» Problem to work on:
Find and copy each line in the material below where the string "blocks" occurs.

══════

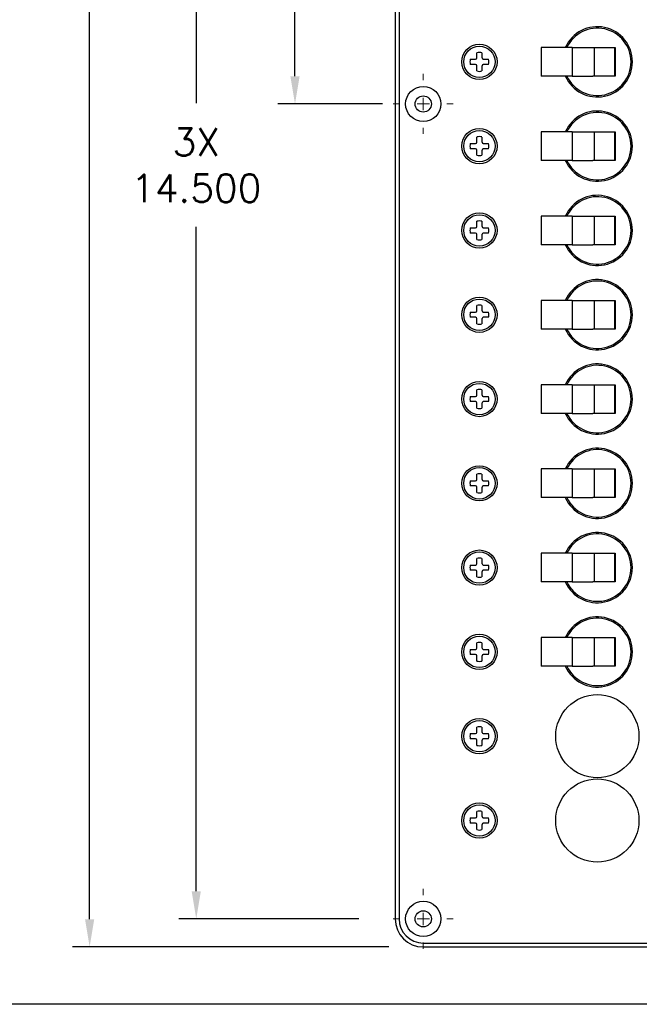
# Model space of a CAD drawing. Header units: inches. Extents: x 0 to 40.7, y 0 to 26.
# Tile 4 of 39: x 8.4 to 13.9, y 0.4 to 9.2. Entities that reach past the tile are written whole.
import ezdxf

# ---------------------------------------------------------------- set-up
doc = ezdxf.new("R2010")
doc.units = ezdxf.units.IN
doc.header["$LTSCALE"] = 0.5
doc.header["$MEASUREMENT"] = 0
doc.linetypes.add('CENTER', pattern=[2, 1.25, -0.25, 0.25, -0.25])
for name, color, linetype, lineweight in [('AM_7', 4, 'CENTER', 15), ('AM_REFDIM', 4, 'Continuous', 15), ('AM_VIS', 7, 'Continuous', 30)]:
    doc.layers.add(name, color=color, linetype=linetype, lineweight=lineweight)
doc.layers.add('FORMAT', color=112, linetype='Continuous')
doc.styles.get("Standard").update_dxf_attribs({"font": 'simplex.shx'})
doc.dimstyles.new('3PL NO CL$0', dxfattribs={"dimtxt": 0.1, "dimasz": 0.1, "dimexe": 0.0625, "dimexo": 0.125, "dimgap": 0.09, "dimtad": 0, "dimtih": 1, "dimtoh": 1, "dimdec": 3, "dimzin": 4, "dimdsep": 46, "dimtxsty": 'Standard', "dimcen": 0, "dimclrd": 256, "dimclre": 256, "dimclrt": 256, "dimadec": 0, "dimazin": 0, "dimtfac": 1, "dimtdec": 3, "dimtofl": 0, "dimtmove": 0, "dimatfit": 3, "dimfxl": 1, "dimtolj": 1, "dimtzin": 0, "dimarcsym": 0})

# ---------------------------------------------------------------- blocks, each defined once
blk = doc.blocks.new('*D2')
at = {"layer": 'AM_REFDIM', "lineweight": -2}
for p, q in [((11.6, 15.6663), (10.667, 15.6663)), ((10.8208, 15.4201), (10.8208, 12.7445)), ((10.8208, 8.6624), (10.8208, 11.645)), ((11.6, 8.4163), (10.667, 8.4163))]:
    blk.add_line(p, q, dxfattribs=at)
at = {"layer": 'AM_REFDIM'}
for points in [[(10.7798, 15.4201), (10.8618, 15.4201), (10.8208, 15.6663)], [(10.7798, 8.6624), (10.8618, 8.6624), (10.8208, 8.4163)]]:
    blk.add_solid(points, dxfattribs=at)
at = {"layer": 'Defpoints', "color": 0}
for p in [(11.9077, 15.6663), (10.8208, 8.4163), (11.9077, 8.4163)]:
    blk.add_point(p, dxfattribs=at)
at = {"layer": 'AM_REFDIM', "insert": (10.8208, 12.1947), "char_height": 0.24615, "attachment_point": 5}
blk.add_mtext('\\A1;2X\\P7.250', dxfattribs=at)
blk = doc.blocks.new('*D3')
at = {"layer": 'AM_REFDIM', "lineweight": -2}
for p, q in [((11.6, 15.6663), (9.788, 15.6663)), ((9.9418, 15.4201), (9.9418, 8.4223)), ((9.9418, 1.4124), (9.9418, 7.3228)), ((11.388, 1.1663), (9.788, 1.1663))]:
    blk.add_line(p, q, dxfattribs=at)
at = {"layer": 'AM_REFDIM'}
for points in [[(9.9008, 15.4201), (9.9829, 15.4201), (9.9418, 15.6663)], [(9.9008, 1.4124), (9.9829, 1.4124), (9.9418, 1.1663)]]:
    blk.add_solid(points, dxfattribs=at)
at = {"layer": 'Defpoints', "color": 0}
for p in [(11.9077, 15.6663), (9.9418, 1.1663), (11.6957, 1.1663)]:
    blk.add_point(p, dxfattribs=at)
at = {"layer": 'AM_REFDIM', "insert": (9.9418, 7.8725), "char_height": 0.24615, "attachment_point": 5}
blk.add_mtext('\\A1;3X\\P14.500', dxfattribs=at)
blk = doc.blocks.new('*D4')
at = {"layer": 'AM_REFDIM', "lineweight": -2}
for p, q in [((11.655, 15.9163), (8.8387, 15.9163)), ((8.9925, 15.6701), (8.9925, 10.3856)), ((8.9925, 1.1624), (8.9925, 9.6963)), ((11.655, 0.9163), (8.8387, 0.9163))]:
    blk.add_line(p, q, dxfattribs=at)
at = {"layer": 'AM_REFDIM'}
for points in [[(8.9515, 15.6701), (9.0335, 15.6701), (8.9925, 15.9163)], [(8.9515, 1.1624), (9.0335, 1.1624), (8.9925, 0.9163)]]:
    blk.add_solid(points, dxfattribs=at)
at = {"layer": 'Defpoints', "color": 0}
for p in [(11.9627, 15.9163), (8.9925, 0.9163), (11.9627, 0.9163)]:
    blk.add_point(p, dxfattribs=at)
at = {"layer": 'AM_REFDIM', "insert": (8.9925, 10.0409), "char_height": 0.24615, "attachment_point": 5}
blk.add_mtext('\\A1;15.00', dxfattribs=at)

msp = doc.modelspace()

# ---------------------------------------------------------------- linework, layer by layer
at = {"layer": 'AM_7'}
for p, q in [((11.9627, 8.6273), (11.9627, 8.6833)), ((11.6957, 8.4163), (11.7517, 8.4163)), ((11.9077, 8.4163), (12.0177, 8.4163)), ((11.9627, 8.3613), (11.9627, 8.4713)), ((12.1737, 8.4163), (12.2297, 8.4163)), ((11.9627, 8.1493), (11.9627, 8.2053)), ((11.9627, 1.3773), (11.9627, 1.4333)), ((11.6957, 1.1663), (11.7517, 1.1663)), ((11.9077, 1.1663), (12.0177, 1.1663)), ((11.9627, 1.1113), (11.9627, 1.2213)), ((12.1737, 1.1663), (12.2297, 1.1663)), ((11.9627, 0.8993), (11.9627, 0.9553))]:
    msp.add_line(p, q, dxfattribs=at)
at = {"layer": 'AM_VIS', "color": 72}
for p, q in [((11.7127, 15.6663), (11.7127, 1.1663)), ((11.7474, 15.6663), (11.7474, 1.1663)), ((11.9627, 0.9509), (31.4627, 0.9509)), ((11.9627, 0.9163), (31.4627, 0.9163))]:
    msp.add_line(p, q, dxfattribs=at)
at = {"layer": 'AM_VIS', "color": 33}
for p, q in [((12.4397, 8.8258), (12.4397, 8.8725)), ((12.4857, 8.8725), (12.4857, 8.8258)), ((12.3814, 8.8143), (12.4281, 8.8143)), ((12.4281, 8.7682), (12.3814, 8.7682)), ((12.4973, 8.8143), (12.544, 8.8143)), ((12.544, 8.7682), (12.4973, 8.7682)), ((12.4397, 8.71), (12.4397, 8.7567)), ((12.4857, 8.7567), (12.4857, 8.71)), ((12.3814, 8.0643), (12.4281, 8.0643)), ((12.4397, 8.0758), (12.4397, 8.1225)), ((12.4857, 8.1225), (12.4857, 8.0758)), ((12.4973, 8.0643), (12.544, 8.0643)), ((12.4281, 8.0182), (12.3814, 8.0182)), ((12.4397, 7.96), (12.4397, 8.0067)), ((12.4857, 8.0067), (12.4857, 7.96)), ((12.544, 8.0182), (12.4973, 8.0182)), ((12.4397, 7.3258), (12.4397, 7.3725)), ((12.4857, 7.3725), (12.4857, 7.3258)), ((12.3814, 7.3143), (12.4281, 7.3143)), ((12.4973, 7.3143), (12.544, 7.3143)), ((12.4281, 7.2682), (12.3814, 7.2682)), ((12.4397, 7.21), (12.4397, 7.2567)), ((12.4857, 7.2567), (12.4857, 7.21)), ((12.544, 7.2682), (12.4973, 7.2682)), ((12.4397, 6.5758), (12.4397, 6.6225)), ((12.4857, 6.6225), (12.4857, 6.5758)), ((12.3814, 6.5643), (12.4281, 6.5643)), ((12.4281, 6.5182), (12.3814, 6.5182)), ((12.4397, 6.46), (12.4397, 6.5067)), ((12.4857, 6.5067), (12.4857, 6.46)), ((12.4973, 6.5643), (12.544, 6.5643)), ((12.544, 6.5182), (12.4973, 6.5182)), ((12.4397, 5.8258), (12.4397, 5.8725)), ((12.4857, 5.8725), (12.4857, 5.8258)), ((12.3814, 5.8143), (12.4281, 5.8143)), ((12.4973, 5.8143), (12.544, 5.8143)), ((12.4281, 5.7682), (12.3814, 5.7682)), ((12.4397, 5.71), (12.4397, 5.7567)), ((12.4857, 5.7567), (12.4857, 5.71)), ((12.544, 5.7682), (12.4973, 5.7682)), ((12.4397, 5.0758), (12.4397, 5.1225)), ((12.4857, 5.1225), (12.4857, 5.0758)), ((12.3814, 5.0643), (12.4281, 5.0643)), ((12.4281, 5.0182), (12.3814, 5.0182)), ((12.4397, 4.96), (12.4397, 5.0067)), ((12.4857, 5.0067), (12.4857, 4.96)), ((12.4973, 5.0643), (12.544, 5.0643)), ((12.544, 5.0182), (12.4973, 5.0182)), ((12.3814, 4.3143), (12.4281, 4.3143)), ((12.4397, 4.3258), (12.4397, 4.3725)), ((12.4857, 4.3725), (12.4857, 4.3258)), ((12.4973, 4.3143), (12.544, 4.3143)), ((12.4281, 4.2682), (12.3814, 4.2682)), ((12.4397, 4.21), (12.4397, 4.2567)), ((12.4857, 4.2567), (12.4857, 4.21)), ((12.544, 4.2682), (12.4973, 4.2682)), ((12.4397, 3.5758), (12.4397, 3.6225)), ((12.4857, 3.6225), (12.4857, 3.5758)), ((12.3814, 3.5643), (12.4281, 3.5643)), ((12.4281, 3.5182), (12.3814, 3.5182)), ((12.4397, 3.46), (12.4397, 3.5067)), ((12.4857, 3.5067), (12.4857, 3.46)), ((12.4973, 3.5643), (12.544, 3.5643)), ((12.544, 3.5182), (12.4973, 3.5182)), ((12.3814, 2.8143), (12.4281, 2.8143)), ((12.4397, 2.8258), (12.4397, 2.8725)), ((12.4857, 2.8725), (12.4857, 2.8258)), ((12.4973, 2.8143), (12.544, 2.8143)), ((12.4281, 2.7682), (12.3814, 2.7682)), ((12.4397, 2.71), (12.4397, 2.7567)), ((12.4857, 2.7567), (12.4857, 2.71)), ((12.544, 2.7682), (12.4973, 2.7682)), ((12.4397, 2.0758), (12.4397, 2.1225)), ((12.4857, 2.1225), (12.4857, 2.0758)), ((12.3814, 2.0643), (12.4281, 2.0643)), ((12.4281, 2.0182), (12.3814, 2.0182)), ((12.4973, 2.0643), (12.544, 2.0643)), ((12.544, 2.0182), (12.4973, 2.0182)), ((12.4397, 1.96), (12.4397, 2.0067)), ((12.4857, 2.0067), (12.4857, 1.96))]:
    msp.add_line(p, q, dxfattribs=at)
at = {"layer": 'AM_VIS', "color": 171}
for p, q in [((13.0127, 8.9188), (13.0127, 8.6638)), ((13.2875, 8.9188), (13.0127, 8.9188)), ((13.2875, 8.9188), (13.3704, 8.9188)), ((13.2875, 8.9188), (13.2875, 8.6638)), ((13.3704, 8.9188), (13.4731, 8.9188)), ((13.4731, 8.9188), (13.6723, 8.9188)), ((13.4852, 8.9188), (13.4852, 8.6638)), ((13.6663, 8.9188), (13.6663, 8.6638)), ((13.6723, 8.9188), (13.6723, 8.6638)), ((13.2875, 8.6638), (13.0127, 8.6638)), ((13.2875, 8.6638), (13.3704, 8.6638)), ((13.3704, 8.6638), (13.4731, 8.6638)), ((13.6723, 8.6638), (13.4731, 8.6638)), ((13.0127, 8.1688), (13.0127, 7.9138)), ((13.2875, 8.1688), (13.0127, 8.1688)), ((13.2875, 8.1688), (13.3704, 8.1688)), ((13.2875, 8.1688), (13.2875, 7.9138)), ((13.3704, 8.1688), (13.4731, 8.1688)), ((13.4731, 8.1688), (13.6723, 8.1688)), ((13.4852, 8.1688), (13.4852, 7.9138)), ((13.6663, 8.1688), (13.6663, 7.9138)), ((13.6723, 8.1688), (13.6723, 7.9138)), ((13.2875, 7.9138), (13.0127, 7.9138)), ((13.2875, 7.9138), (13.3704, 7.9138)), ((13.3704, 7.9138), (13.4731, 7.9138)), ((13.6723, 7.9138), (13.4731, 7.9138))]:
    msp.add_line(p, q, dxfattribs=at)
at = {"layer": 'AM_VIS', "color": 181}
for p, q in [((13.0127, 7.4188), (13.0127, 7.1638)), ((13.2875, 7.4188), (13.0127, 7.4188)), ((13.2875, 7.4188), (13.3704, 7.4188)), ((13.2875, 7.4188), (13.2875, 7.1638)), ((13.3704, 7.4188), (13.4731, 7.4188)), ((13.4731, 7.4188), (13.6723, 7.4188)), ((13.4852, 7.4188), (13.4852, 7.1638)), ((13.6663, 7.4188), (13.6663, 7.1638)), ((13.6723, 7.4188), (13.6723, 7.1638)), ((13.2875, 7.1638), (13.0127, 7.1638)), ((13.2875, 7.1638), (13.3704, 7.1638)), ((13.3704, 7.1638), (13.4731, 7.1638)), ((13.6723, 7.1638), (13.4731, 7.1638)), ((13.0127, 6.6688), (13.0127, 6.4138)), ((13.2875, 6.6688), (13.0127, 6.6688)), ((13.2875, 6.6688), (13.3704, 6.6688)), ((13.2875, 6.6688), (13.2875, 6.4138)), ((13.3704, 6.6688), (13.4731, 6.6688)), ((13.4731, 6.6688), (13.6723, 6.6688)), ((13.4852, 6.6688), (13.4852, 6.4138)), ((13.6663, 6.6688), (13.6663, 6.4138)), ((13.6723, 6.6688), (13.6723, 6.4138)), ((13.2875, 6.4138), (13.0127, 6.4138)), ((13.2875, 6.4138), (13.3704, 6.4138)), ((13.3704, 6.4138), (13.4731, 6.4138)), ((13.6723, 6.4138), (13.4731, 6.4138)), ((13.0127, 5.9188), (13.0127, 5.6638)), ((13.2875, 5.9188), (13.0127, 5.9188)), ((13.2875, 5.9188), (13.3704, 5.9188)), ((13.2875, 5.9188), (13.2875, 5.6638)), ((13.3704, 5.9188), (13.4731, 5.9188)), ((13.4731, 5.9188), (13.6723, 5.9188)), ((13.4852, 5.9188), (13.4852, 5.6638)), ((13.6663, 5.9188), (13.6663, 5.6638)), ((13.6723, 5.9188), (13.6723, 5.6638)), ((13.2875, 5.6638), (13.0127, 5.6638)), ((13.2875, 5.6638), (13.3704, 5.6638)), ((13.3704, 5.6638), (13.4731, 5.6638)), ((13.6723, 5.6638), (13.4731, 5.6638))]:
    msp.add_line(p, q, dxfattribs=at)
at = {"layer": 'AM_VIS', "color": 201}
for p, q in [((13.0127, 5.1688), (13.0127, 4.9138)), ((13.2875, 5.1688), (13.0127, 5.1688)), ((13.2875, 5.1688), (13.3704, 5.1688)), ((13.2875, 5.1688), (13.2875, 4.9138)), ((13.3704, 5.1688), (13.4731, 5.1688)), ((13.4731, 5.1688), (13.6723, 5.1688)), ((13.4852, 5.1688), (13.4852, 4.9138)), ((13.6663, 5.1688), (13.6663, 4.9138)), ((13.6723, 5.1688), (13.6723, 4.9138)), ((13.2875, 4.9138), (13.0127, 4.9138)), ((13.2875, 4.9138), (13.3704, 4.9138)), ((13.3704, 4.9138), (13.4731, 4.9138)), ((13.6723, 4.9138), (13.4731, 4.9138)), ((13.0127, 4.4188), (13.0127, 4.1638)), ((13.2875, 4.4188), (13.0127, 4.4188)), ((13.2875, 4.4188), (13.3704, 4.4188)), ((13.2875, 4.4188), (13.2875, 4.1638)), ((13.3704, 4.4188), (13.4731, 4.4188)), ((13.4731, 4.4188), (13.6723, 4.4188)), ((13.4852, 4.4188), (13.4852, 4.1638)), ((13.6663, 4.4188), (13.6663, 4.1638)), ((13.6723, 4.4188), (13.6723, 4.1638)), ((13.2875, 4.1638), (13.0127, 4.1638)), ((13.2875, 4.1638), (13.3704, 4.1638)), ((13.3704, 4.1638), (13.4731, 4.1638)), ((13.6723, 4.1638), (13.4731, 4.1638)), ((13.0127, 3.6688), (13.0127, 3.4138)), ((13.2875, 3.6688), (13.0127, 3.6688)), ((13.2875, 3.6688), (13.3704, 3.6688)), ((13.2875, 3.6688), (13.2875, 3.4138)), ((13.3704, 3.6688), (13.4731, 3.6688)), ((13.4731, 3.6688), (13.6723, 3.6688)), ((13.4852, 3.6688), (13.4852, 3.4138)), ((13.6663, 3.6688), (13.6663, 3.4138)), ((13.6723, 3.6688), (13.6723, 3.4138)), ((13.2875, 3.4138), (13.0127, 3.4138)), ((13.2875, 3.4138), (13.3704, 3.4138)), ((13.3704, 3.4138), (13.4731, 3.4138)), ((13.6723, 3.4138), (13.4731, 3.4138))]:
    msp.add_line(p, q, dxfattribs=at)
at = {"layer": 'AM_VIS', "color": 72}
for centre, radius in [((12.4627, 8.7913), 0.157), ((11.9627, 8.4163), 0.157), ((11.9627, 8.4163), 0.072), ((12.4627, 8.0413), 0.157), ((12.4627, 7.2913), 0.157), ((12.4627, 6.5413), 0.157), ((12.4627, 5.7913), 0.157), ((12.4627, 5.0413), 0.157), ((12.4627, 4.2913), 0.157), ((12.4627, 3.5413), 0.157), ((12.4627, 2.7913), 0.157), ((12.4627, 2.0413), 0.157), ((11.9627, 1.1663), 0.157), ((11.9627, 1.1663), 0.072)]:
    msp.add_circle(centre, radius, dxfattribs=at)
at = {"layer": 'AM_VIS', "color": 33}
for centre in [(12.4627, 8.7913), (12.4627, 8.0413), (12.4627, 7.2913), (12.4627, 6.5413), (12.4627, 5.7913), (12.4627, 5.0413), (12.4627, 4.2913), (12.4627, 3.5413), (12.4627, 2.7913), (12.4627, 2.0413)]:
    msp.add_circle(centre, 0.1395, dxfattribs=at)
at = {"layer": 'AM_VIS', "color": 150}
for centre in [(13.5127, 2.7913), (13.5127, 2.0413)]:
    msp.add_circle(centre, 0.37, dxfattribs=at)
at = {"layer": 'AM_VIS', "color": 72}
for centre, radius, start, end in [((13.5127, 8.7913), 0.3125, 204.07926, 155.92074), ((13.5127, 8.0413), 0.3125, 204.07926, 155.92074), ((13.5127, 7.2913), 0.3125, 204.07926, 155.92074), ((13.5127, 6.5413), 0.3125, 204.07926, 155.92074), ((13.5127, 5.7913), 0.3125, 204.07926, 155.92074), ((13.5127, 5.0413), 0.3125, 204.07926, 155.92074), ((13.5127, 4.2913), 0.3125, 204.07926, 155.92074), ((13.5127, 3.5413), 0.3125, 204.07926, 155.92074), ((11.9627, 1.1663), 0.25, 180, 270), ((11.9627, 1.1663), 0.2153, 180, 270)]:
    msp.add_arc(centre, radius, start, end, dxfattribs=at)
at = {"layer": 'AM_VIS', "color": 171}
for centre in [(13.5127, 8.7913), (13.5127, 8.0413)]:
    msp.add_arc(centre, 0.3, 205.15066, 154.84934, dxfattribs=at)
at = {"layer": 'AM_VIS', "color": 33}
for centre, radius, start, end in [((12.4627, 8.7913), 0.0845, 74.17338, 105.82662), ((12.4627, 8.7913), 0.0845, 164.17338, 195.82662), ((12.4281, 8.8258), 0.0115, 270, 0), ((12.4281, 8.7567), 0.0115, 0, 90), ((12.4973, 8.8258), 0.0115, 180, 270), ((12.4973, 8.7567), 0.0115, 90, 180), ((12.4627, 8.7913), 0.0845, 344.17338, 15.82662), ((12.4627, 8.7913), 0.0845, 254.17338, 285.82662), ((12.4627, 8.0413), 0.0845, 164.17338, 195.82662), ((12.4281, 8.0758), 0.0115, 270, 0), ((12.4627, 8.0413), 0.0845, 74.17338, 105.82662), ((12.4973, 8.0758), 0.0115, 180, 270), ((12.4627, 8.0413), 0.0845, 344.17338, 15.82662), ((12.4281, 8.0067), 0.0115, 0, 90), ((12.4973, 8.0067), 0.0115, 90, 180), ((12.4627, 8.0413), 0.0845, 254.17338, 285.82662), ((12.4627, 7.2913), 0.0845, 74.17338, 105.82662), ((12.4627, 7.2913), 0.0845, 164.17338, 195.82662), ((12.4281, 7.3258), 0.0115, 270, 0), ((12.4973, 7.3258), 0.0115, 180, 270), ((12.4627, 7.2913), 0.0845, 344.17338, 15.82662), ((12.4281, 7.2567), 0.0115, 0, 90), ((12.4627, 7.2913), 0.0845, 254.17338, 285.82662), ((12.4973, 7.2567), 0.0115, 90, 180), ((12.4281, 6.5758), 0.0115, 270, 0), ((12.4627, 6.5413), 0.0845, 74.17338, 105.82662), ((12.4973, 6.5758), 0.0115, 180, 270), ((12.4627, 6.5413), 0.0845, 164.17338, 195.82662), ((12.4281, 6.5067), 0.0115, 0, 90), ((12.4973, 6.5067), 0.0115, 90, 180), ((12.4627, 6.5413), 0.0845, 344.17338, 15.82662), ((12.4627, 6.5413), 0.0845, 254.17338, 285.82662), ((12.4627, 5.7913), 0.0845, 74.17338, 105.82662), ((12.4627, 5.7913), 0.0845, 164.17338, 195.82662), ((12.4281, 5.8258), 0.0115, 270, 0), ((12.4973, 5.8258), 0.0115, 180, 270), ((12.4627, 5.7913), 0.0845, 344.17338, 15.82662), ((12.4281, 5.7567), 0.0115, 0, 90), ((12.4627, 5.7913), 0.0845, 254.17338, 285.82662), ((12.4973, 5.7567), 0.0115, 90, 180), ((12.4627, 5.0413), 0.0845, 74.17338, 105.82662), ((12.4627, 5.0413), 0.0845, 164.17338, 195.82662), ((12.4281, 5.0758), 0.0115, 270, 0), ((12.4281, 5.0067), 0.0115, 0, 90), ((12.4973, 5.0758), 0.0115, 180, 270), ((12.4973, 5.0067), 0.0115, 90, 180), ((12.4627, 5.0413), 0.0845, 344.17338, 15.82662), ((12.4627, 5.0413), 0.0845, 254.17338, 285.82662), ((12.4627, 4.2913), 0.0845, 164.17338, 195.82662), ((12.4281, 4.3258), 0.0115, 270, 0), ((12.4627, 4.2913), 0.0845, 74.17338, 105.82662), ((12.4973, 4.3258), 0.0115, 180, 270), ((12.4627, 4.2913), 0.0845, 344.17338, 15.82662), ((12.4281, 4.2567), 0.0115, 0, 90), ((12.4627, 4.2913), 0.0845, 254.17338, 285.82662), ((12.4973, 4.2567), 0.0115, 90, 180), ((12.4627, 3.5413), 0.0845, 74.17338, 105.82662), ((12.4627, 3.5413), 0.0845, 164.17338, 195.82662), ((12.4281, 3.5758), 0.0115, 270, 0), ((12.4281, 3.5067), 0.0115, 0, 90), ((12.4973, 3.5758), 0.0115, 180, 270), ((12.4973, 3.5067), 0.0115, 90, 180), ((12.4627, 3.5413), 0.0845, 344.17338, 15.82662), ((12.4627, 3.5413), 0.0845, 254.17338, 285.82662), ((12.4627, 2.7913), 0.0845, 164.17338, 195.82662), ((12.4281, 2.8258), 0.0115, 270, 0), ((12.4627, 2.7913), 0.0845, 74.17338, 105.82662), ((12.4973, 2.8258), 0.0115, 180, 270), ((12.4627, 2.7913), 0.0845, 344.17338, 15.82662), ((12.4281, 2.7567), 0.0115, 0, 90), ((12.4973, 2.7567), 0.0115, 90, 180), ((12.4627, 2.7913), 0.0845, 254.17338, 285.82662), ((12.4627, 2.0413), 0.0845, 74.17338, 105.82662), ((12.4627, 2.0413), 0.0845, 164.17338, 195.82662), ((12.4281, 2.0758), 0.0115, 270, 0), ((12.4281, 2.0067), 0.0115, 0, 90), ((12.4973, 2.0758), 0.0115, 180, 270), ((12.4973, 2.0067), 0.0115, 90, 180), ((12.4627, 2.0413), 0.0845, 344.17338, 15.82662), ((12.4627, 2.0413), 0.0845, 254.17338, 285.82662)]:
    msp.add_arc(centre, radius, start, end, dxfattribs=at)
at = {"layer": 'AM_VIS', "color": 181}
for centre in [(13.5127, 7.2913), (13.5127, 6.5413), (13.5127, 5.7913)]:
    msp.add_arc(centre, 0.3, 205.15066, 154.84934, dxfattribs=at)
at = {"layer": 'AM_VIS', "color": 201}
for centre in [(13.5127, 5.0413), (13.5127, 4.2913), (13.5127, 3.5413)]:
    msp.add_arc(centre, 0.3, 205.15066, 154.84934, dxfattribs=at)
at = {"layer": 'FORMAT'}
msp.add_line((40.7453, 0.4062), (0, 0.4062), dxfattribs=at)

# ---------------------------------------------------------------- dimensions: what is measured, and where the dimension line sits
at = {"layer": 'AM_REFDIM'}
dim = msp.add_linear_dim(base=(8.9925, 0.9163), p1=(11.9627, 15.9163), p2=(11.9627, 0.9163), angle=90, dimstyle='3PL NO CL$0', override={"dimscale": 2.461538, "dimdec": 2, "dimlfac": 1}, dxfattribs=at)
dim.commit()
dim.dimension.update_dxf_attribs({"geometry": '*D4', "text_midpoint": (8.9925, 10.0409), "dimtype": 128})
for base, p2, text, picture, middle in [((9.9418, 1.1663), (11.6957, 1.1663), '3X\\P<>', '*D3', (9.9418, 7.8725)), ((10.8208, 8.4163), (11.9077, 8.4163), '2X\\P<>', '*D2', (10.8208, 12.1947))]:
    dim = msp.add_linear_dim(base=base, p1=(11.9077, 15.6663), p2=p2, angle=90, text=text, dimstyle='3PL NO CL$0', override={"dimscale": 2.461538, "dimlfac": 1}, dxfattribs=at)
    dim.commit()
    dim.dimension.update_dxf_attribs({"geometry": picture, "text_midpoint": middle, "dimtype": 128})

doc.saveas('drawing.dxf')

══════

» The answer:
# ---------------------------------------------------------------- blocks, each defined once
blk = doc.blocks.new('*D2')
blk = doc.blocks.new('*D3')
blk = doc.blocks.new('*D4')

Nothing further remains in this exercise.